**RECORD SET**

------------------------------------

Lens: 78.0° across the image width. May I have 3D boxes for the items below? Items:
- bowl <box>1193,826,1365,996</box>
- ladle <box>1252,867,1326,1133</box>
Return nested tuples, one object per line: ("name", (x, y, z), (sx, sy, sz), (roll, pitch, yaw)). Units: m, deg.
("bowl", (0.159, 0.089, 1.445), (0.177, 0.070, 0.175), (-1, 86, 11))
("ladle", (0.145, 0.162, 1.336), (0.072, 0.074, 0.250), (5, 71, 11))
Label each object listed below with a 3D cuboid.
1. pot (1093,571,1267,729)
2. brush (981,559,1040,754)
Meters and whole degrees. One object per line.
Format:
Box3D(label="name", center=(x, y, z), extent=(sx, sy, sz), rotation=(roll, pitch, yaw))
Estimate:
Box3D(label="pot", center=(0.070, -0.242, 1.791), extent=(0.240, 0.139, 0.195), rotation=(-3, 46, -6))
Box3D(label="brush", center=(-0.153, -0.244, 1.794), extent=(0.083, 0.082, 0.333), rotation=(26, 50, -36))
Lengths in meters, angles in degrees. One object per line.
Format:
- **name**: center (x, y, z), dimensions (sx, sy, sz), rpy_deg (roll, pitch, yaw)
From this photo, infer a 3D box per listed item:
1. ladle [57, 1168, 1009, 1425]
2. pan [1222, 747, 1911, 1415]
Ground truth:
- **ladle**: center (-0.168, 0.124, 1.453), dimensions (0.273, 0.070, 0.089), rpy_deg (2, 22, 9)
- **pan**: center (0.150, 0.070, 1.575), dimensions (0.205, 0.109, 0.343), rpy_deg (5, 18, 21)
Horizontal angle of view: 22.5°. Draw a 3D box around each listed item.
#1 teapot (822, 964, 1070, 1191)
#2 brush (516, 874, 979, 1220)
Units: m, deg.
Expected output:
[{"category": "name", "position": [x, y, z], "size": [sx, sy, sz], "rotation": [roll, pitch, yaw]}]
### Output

------------------------------------

**TASK REQUIREMENTS**
Copy the entire listing above, line for line, exactly.

**SOLUTION**
Lens: 78.0° across the image width. May I have 3D boxes for the items below? Items:
- bowl <box>1193,826,1365,996</box>
- ladle <box>1252,867,1326,1133</box>
Return nested tuples, one object per line: ("name", (x, y, z), (sx, sy, sz), (roll, pitch, yaw)). Units: m, deg.
("bowl", (0.159, 0.089, 1.445), (0.177, 0.070, 0.175), (-1, 86, 11))
("ladle", (0.145, 0.162, 1.336), (0.072, 0.074, 0.250), (5, 71, 11))
Label each object listed below with a 3D cuboid.
1. pot (1093,571,1267,729)
2. brush (981,559,1040,754)
Meters and whole degrees. One object per line.
Format:
Box3D(label="name", center=(x, y, z), extent=(sx, sy, sz), rotation=(roll, pitch, yaw))
Estimate:
Box3D(label="pot", center=(0.070, -0.242, 1.791), extent=(0.240, 0.139, 0.195), rotation=(-3, 46, -6))
Box3D(label="brush", center=(-0.153, -0.244, 1.794), extent=(0.083, 0.082, 0.333), rotation=(26, 50, -36))
Lengths in meters, angles in degrees. One object per line.
Format:
- **name**: center (x, y, z), dimensions (sx, sy, sz), rpy_deg (roll, pitch, yaw)
From this photo, infer a 3D box per listed item:
1. ladle [57, 1168, 1009, 1425]
2. pan [1222, 747, 1911, 1415]
Ground truth:
- **ladle**: center (-0.168, 0.124, 1.453), dimensions (0.273, 0.070, 0.089), rpy_deg (2, 22, 9)
- **pan**: center (0.150, 0.070, 1.575), dimensions (0.205, 0.109, 0.343), rpy_deg (5, 18, 21)
Horizontal angle of view: 22.5°. Draw a 3D box around each listed item.
#1 teapot (822, 964, 1070, 1191)
#2 brush (516, 874, 979, 1220)
Units: m, deg.
Expected output:
[{"category": "name", "position": [x, y, z], "size": [sx, sy, sz], "rotation": [roll, pitch, yaw]}]
### Output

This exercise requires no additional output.